**THE DATA:**
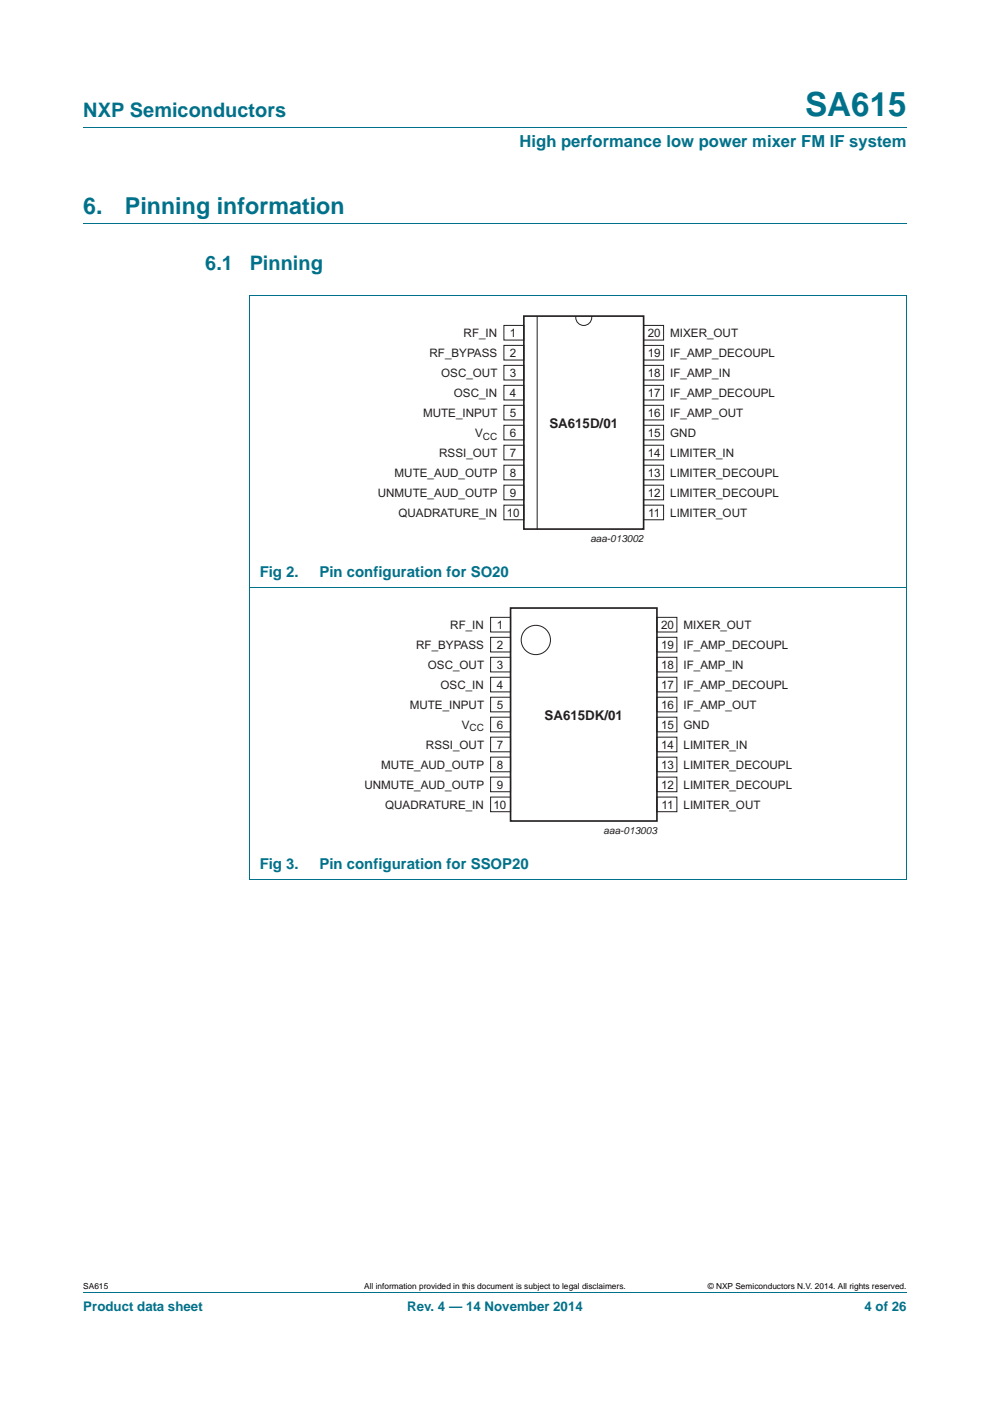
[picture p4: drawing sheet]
<svg xmlns="http://www.w3.org/2000/svg" width="210mm" height="297mm" viewBox="0 0 210 297" stroke-linecap="round" stroke-linejoin="round" font-family="sans-serif">
<defs><g id="words">
<text font-size="7" fill="#00718a" x="170.8" y="24.6">SA615</text>
<g font-size="4.9" fill="#00718a">
<text x="17.7" y="45.4">6.</text>
<text x="26.5" y="45.4">Pinning information</text>
</g>
<g font-size="4.2" fill="#00718a">
<text x="17.7" y="24.9">NXP Semiconductors</text>
<text x="43.5" y="57.3">6.1</text>
<text x="53" y="57.3">Pinning</text>
</g>
<text font-size="3.5" fill="#00718a" x="110.2" y="31.1">High performance low power mixer FM IF system</text>
<g font-size="3.2" fill="#00718a">
<text x="55.1" y="122.4">Fig 2.</text>
<text x="67.8" y="122.4">Pin configuration for SO20</text>
<text x="55.1" y="184.3">Fig 3.</text>
<text x="67.8" y="184.3">Pin configuration for SSOP20</text>
</g>
<g font-size="2.8" fill="#231f20">
<text x="116.5" y="90.7">SA615D/01</text>
<text x="115.5" y="152.6">SA615DK/01</text>
</g>
<g font-size="2.8" fill="#00718a">
<text x="17.7" y="277.9">Product data sheet</text>
<text x="86.4" y="277.9">Rev. 4 — 14 November 2014</text>
<text x="183.4" y="277.9">4 of 26</text>
</g>
<g font-size="2.5" fill="#231f20">
<text x="98.3" y="71.5">RF_IN</text>
<text x="108.2" y="71.5">1</text>
<text x="137.4" y="71.5">20</text>
<text x="142.2" y="71.5">MIXER_OUT</text>
<text x="91.1" y="75.8">RF_BYPASS</text>
<text x="108.2" y="75.7">2</text>
<text x="137.4" y="75.7">19</text>
<text x="142.2" y="75.8">IF_AMP_DECOUPL</text>
<text x="93.6" y="80">OSC_OUT</text>
<text x="108.2" y="79.9">3</text>
<text x="137.4" y="79.9">18</text>
<text x="142.2" y="80">IF_AMP_IN</text>
<text x="89.7" y="88.5">MUTE_INPUT</text>
<text x="96.3" y="84.2">OSC_IN</text>
<text x="108.2" y="84.2">4</text>
<text x="108.2" y="88.4">5</text>
<text x="137.4" y="88.4">16</text>
<text x="137.4" y="84.2">17</text>
<text x="142.2" y="84.2">IF_AMP_DECOUPL</text>
<text x="142.2" y="88.5">IF_AMP_OUT</text>
<text x="100.8" y="92.7">V</text>
<text x="108.2" y="92.6">6</text>
<text x="137.4" y="92.6">15</text>
<text x="142.2" y="92.7">GND</text>
<text x="83.7" y="101.2">MUTE_AUD_OUTP</text>
<text x="93.2" y="96.9">RSSI_OUT</text>
<text x="108.2" y="96.9">7</text>
<text x="108.2" y="101.1">8</text>
<text x="137.4" y="96.9">14</text>
<text x="137.4" y="101.1">13</text>
<text x="142.2" y="96.9">LIMITER_IN</text>
<text x="142.2" y="101.2">LIMITER_DECOUPL</text>
<text x="80.1" y="105.4">UNMUTE_AUD_OUTP</text>
<text x="108.2" y="105.3">9</text>
<text x="137.4" y="105.3">12</text>
<text x="142.2" y="105.4">LIMITER_DECOUPL</text>
<text x="84.5" y="109.6">QUADRATURE_IN</text>
<text x="107.5" y="109.6">10</text>
<text x="137.5" y="109.6">11</text>
<text x="142.2" y="109.6">LIMITER_OUT</text>
<text x="88.3" y="137.7">RF_BYPASS</text>
<text x="95.5" y="133.4">RF_IN</text>
<text x="105.3" y="133.4">1</text>
<text x="105.3" y="137.6">2</text>
<text x="140.2" y="133.4">20</text>
<text x="140.2" y="137.6">19</text>
<text x="145" y="133.4">MIXER_OUT</text>
<text x="145" y="137.7">IF_AMP_DECOUPL</text>
<text x="90.8" y="141.9">OSC_OUT</text>
<text x="105.3" y="141.8">3</text>
<text x="140.2" y="141.8">18</text>
<text x="145" y="141.9">IF_AMP_IN</text>
<text x="93.5" y="146.1">OSC_IN</text>
<text x="105.3" y="146.1">4</text>
<text x="140.2" y="146.1">17</text>
<text x="145" y="146.1">IF_AMP_DECOUPL</text>
<text x="86.9" y="150.4">MUTE_INPUT</text>
<text x="97.9" y="154.6">V</text>
<text x="105.3" y="150.3">5</text>
<text x="105.3" y="154.5">6</text>
<text x="140.2" y="150.3">16</text>
<text x="140.2" y="154.5">15</text>
<text x="145" y="150.4">IF_AMP_OUT</text>
<text x="145" y="154.6">GND</text>
<text x="90.3" y="158.8">RSSI_OUT</text>
<text x="105.3" y="158.8">7</text>
<text x="140.2" y="158.8">14</text>
<text x="145" y="158.8">LIMITER_IN</text>
<text x="77.3" y="167.3">UNMUTE_AUD_OUTP</text>
<text x="80.9" y="163.1">MUTE_AUD_OUTP</text>
<text x="105.3" y="163">8</text>
<text x="105.3" y="167.2">9</text>
<text x="140.2" y="167.2">12</text>
<text x="140.2" y="163">13</text>
<text x="145" y="163.1">LIMITER_DECOUPL</text>
<text x="145" y="167.3">LIMITER_DECOUPL</text>
<text x="81.7" y="171.5">QUADRATURE_IN</text>
<text x="104.7" y="171.5">10</text>
<text x="140.3" y="171.5">11</text>
<text x="145" y="171.5">LIMITER_OUT</text>
</g>
<g font-size="2.1" fill="#231f20">
<text x="102.4" y="93.2">CC</text>
<text x="125.2" y="115">aaa-013002</text>
<text x="99.6" y="155.1">CC</text>
<text x="128" y="176.9">aaa-013003</text>
</g>
<g font-size="1.8">
<text x="17.7" y="273.3">SA615</text>
<text x="77.3" y="273.3">All information provided in this document is subject to legal disclaimers.</text>
<text x="150.1" y="273.3">© NXP Semiconductors N.V. 2014. All rights reserved.</text>
</g>
</g></defs>
<path d="M17.7 27h174.6M17.7 47.4h174.6M52.9 62.6h139.4M53 62.7v123.7M192.3 62.7v123.7h-139.4M52.9 124.5h139.4M17.7 273.9h174.6" fill="none" stroke="#00718a" stroke-width=".21"/>
<g fill="none" stroke="#231f20" stroke-width=".21">
<path d="M106.9 69h4.2v3.1h-4.2zM106.9 73.2h4.2v3.1h-4.2zM106.9 77.5h4.2v3.1h-4.2zM113.9 67v45.3M122.1 67a1.71 1.71 0 0 0 1.7 2 1.71 1.71 0 0 0 1.7-2M136.5 77.5h4.2v3.1h-4.2zM136.5 69h4.2v3.1h-4.2zM136.5 73.2h4.2v3.1h-4.2zM106.9 81.7h4.2v3.1h-4.2zM106.9 85.9h4.2v3.1h-4.2zM106.9 90.2h4.2v3.1h-4.2zM106.9 94.4h4.2v3.1h-4.2z"/>
<path d="M106.9 98.6h4.2v3.1h-4.2zM136.5 94.4h4.2v3.1h-4.2zM136.5 98.6h4.2v3.1h-4.2zM136.5 85.9h4.2v3.1h-4.2zM136.5 90.2h4.2v3.1h-4.2zM136.5 81.7h4.2v3.1h-4.2zM106.9 102.9h4.2v3.1h-4.2zM106.9 107.1h4.2v3.1h-4.2zM136.5 102.9h4.2v3.1h-4.2zM136.5 107.1h4.2v3.1h-4.2zM104.1 130.9h4.2v3.1h-4.2zM104.1 135.1h4.2v3.1h-4.2z"/>
<path d="M104.1 139.4h4.2v3.1h-4.2zM139.3 139.4h4.3v3.1h-4.3zM139.3 130.9h4.3v3.1h-4.3zM139.3 135.1h4.3v3.1h-4.3zM104.1 143.6h4.2v3.1h-4.2zM104.1 147.8h4.2v3.1h-4.2zM104.1 152.1h4.2v3.1h-4.2zM104.1 156.3h4.2v3.1h-4.2zM139.3 156.3h4.3v3.1h-4.3zM139.3 147.8h4.3v3.1h-4.3zM139.3 152.1h4.3v3.1h-4.3zM139.3 143.6h4.3v3.1h-4.3z"/>
<path d="M104.1 160.5h4.2v3.1h-4.2zM104.1 164.8h4.2v3.1h-4.2zM104.1 169h4.2v3.1h-4.2zM139.3 164.8h4.3v3.1h-4.3zM139.3 169h4.3v3.1h-4.3zM139.3 160.5h4.3v3.1h-4.3z"/>
<circle cx="113.7" cy="135.7" r="3.1"/>
</g>
<path d="M111.1 67h25.4v45.2h-25.4zM108.3 128.9h31v45.2h-31z" fill="none" stroke="#231f20" stroke-width=".35"/>
<use href="#words"/>
</svg>

**ACTIVITY:** Using the records above, gather all lines where the string "path" is present.

**ANSWER TO THIS EXERCISE:**
<path d="M17.7 27h174.6M17.7 47.4h174.6M52.9 62.6h139.4M53 62.7v123.7M192.3 62.7v123.7h-139.4M52.9 124.5h139.4M17.7 273.9h174.6" fill="none" stroke="#00718a" stroke-width=".21"/>
<path d="M106.9 69h4.2v3.1h-4.2zM106.9 73.2h4.2v3.1h-4.2zM106.9 77.5h4.2v3.1h-4.2zM113.9 67v45.3M122.1 67a1.71 1.71 0 0 0 1.7 2 1.71 1.71 0 0 0 1.7-2M136.5 77.5h4.2v3.1h-4.2zM136.5 69h4.2v3.1h-4.2zM136.5 73.2h4.2v3.1h-4.2zM106.9 81.7h4.2v3.1h-4.2zM106.9 85.9h4.2v3.1h-4.2zM106.9 90.2h4.2v3.1h-4.2zM106.9 94.4h4.2v3.1h-4.2z"/>
<path d="M106.9 98.6h4.2v3.1h-4.2zM136.5 94.4h4.2v3.1h-4.2zM136.5 98.6h4.2v3.1h-4.2zM136.5 85.9h4.2v3.1h-4.2zM136.5 90.2h4.2v3.1h-4.2zM136.5 81.7h4.2v3.1h-4.2zM106.9 102.9h4.2v3.1h-4.2zM106.9 107.1h4.2v3.1h-4.2zM136.5 102.9h4.2v3.1h-4.2zM136.5 107.1h4.2v3.1h-4.2zM104.1 130.9h4.2v3.1h-4.2zM104.1 135.1h4.2v3.1h-4.2z"/>
<path d="M104.1 139.4h4.2v3.1h-4.2zM139.3 139.4h4.3v3.1h-4.3zM139.3 130.9h4.3v3.1h-4.3zM139.3 135.1h4.3v3.1h-4.3zM104.1 143.6h4.2v3.1h-4.2zM104.1 147.8h4.2v3.1h-4.2zM104.1 152.1h4.2v3.1h-4.2zM104.1 156.3h4.2v3.1h-4.2zM139.3 156.3h4.3v3.1h-4.3zM139.3 147.8h4.3v3.1h-4.3zM139.3 152.1h4.3v3.1h-4.3zM139.3 143.6h4.3v3.1h-4.3z"/>
<path d="M104.1 160.5h4.2v3.1h-4.2zM104.1 164.8h4.2v3.1h-4.2zM104.1 169h4.2v3.1h-4.2zM139.3 164.8h4.3v3.1h-4.3zM139.3 169h4.3v3.1h-4.3zM139.3 160.5h4.3v3.1h-4.3z"/>
<path d="M111.1 67h25.4v45.2h-25.4zM108.3 128.9h31v45.2h-31z" fill="none" stroke="#231f20" stroke-width=".35"/>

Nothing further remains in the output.